Data below: Begin

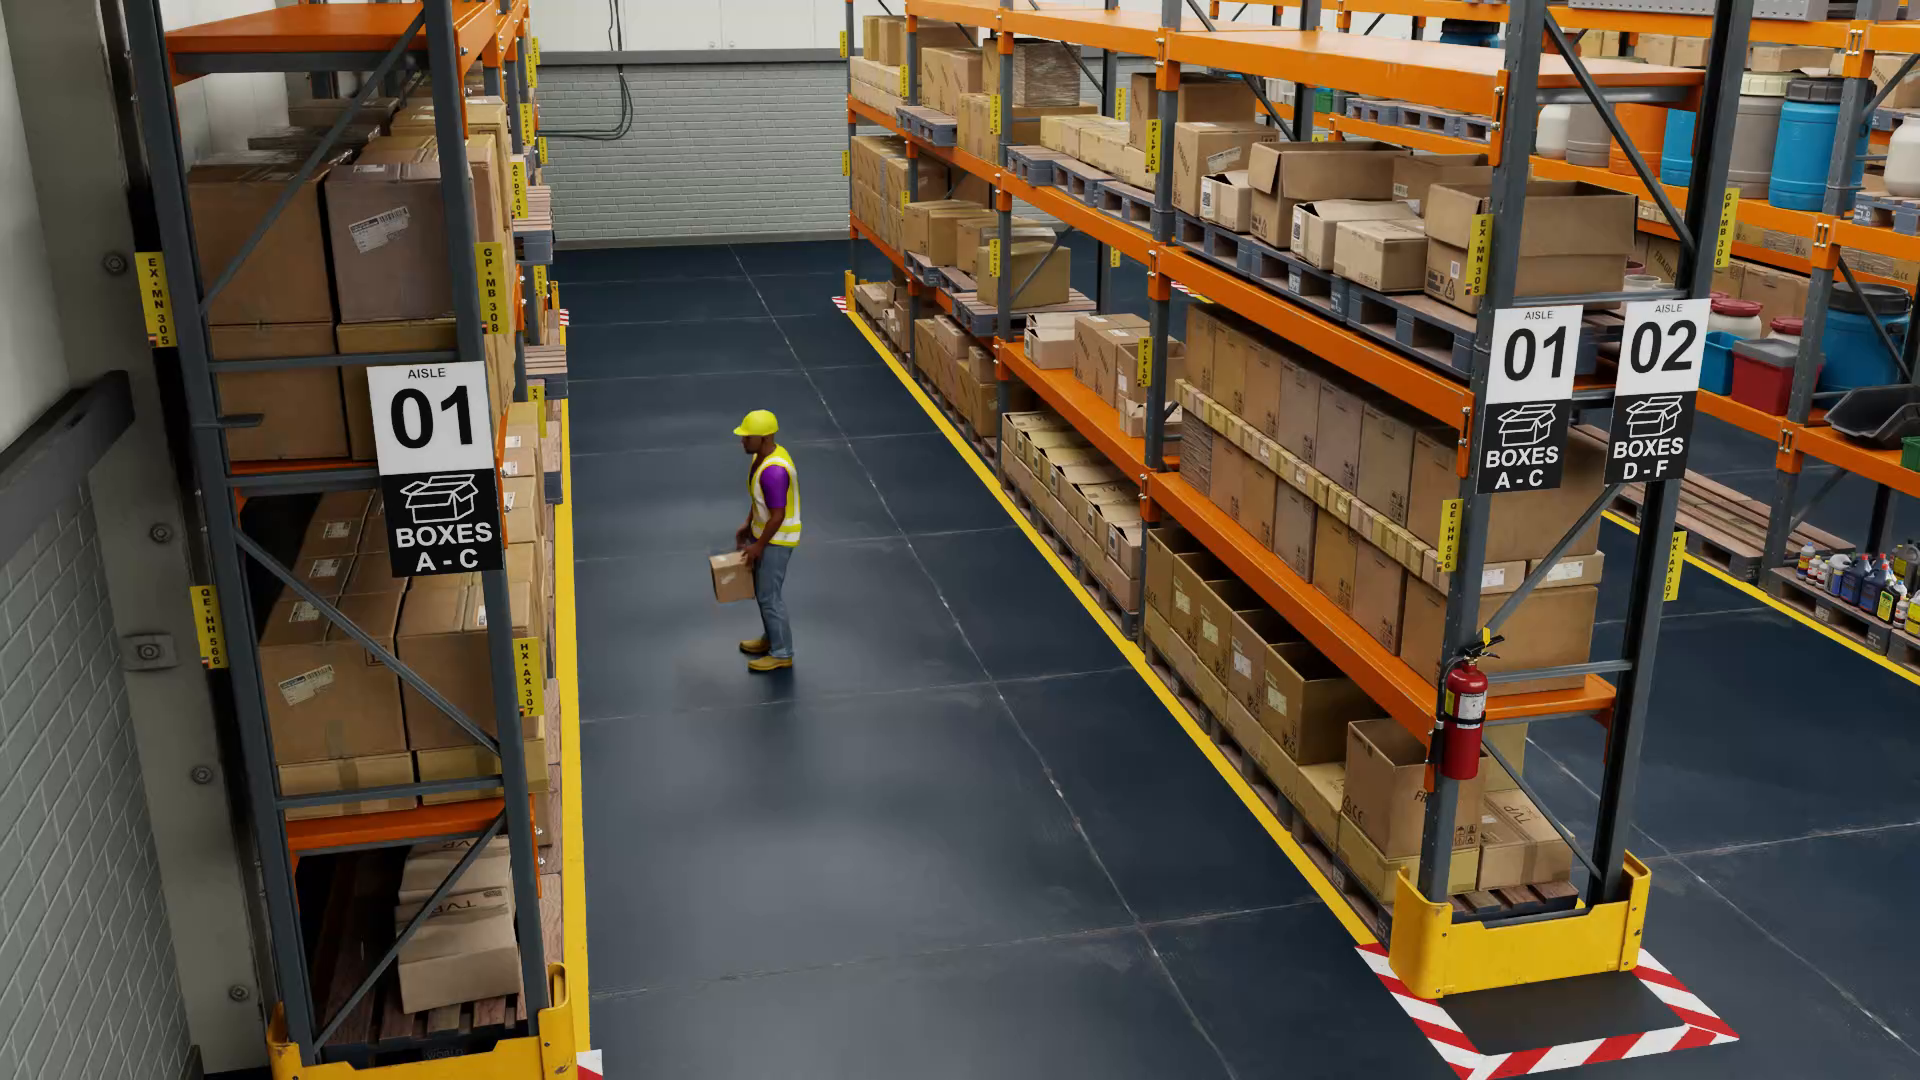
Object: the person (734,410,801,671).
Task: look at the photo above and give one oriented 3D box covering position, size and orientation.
[{"bbox_3d":[-1.271,-0.012,11.068,0.422,1.766,0.583,-5,20,-14],"label":"person"}]
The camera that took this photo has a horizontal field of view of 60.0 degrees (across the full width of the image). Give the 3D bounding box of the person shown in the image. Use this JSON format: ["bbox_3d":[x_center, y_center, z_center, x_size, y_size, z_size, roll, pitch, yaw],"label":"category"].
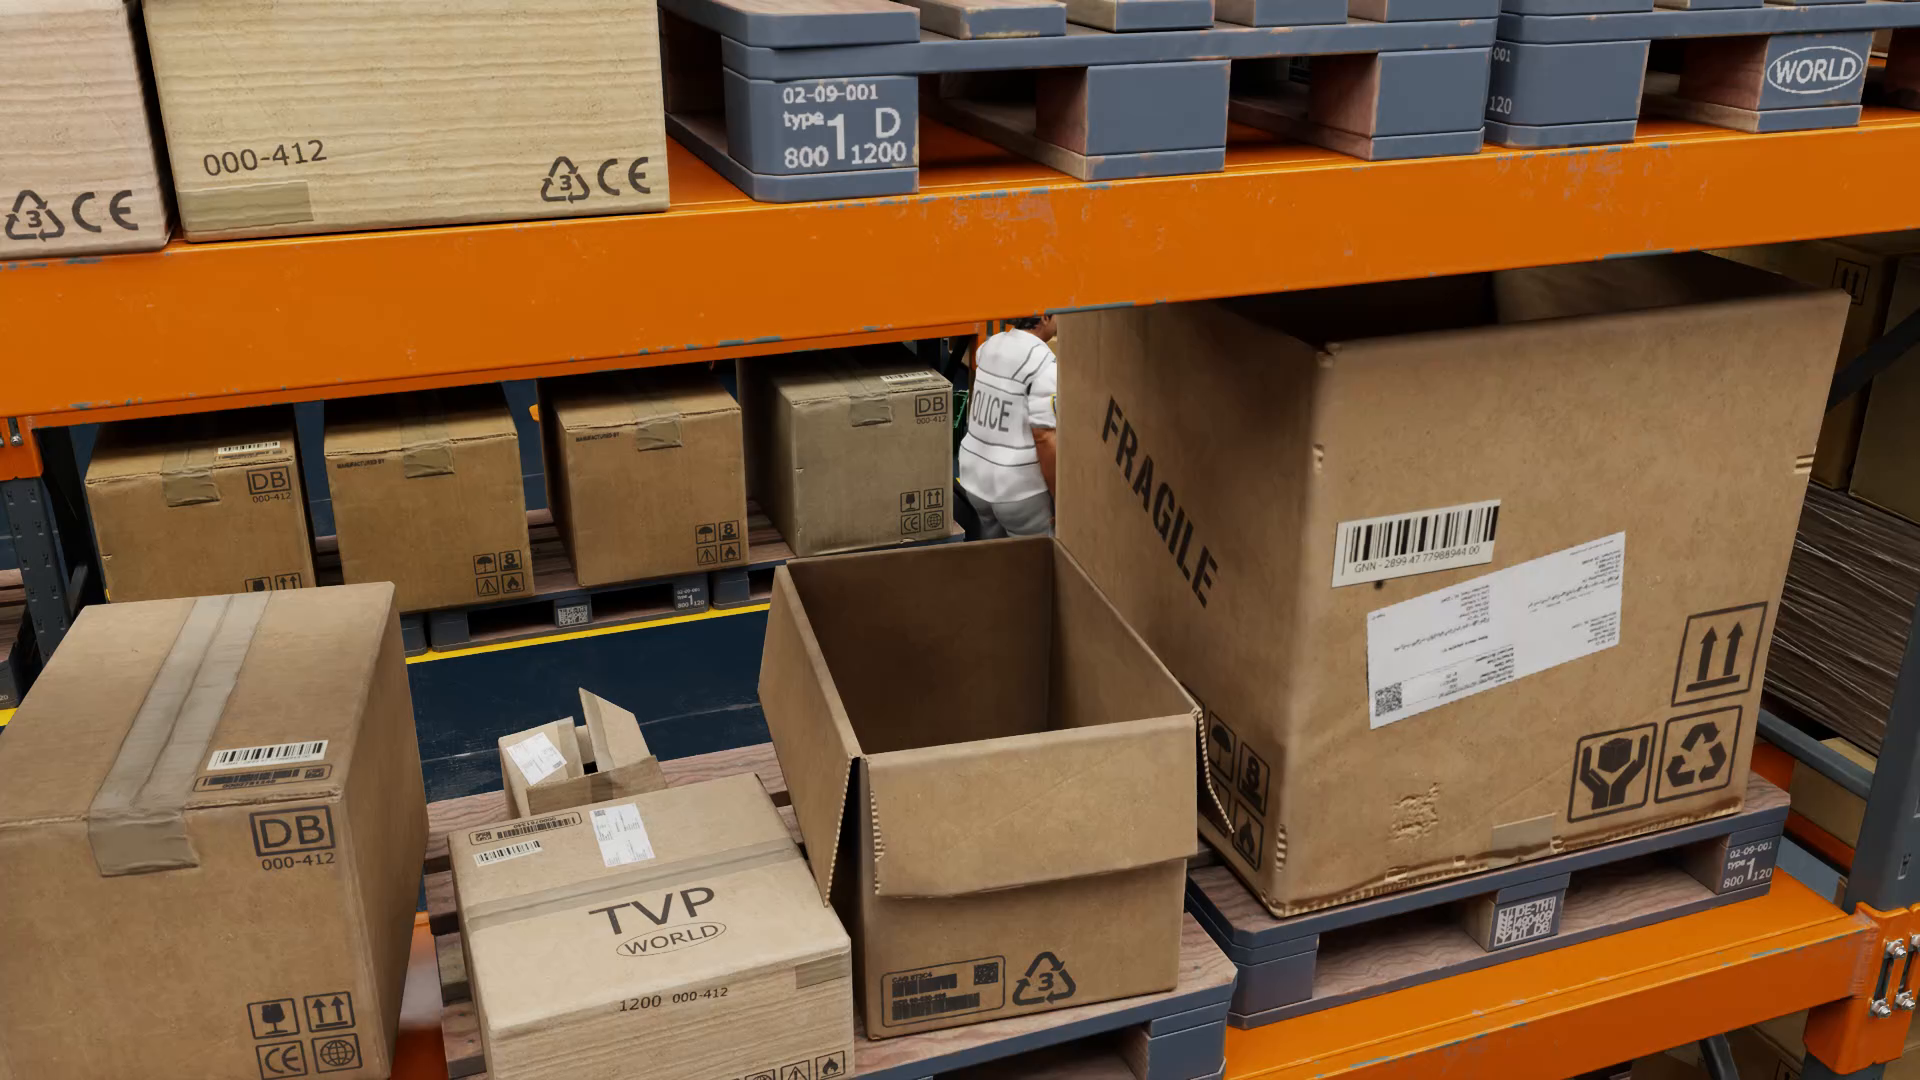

Data below: End

Work request: An exact copy of every line above is needed, without the images.

Exercise solution:
Object: the person (734,410,801,671).
Task: look at the photo above and give one oriented 3D box covering position, size and orientation.
[{"bbox_3d":[-1.271,-0.012,11.068,0.422,1.766,0.583,-5,20,-14],"label":"person"}]
The camera that took this photo has a horizontal field of view of 60.0 degrees (across the full width of the image). Give the 3D bounding box of the person shown in the image. Use this JSON format: ["bbox_3d":[x_center, y_center, z_center, x_size, y_size, z_size, roll, pitch, yaw],"label":"category"].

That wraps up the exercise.